Now I'm not really sure how to advance any further. Clearly if $\det{A}<29$ then the gcd is $1$ since $29$ is prime, but how do we analyse larger determinants?

Answer 1

You can check https://en.wikipedia.org/wiki/General_linear_group where there is a formula and a little explanation for the number of matrices in GL(n,q), which is $$ (q^n-1)(q^n-q)(q^n-q^2)\cdots(q^n-q^{n-1}) $$

Answer 2

You know by linear algebra that, if $\mathbb K$ is a field, a matrix $A\in \mathcal{M}_{n\times n}(\Bbb K)$ is invertible if and only if its columns are linearly independent.
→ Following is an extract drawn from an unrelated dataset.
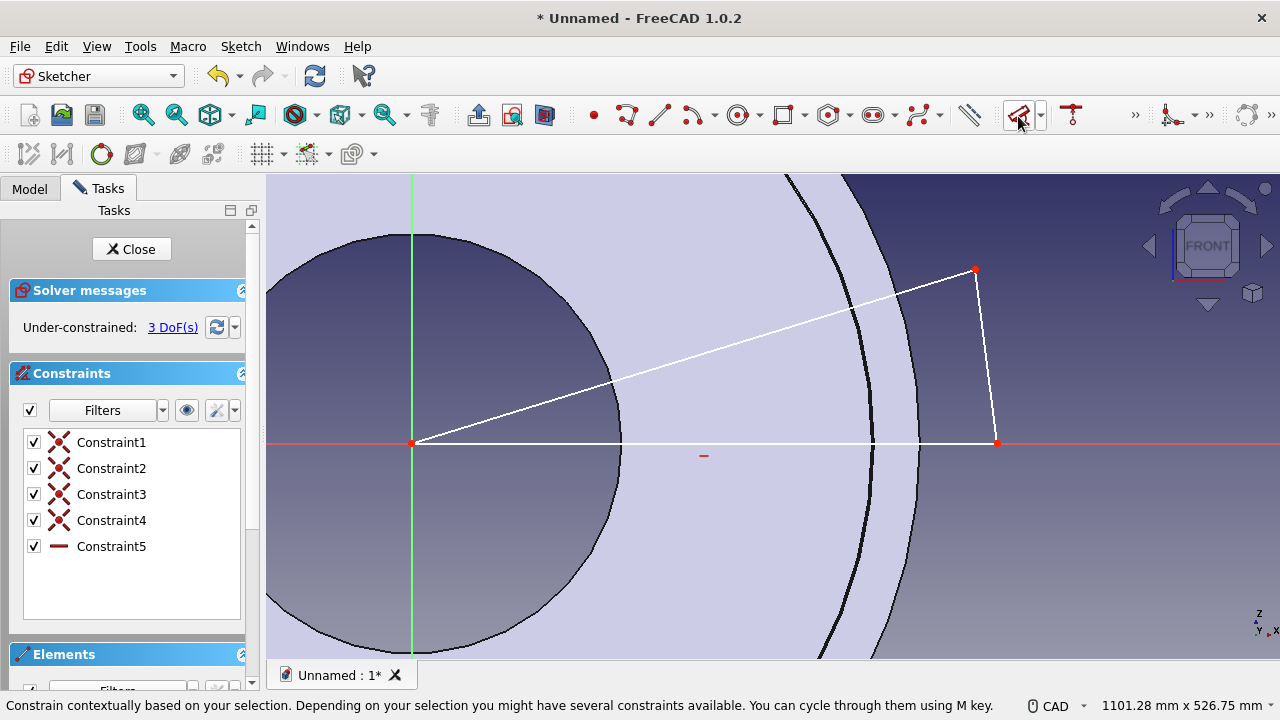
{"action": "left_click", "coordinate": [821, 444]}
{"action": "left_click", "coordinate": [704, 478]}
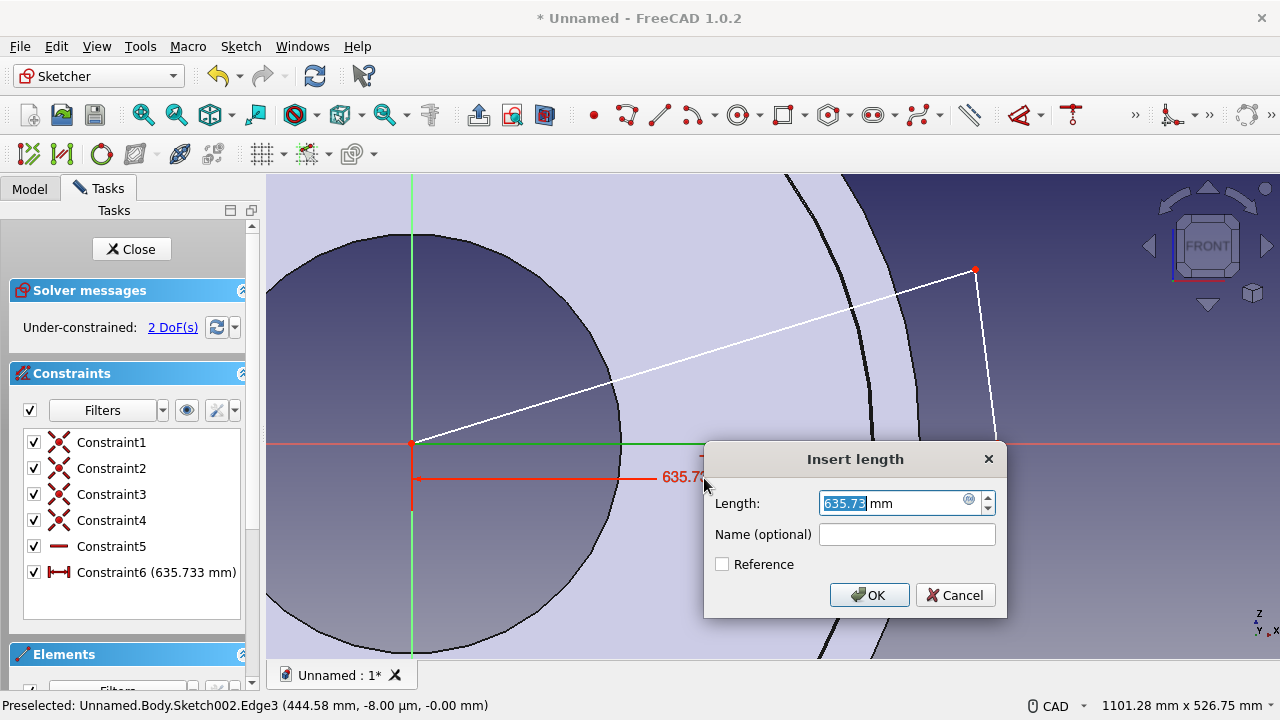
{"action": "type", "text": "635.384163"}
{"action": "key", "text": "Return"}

Now: if $\#\mathbb K=q$, how many $n$-tuples $(v_1,\cdots,v_n)$ of linearly independent vectors are there?

• $v_1$ can be anything except $0$. So it can be chosen in $q^n-1$ possible ways.

• once you've chosen $v_1$, $v_2$ can be anything except a vector in $\operatorname{Span}(v_1)$, hence $q^n-q$ candidates for $v_2$.
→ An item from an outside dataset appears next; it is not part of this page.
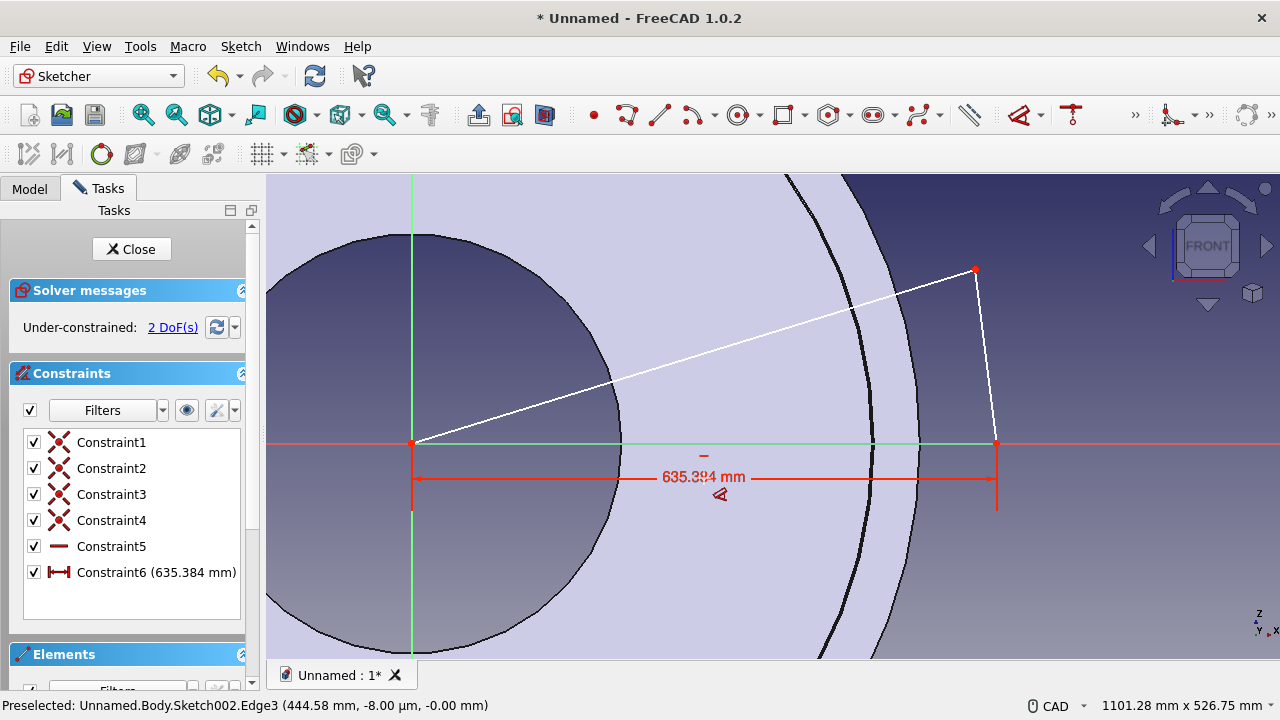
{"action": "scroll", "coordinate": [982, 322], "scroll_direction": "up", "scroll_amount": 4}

• once you've chosen $v_1$ and $v_2$, $v_3$ can be anything except a vector in $\operatorname{Span}(v_1,v_2)$, so there are $q^n-q^2$ choices of $v_3$.

If you continue you get $$\#\operatorname{GL}(n,\Bbb K)=\prod_{k=0}^{n-1}(q^n-q^k)=q^{n(n-1)/2}\prod_{k=1}^{n}(q^k-1)$$

In your case, $q=29$.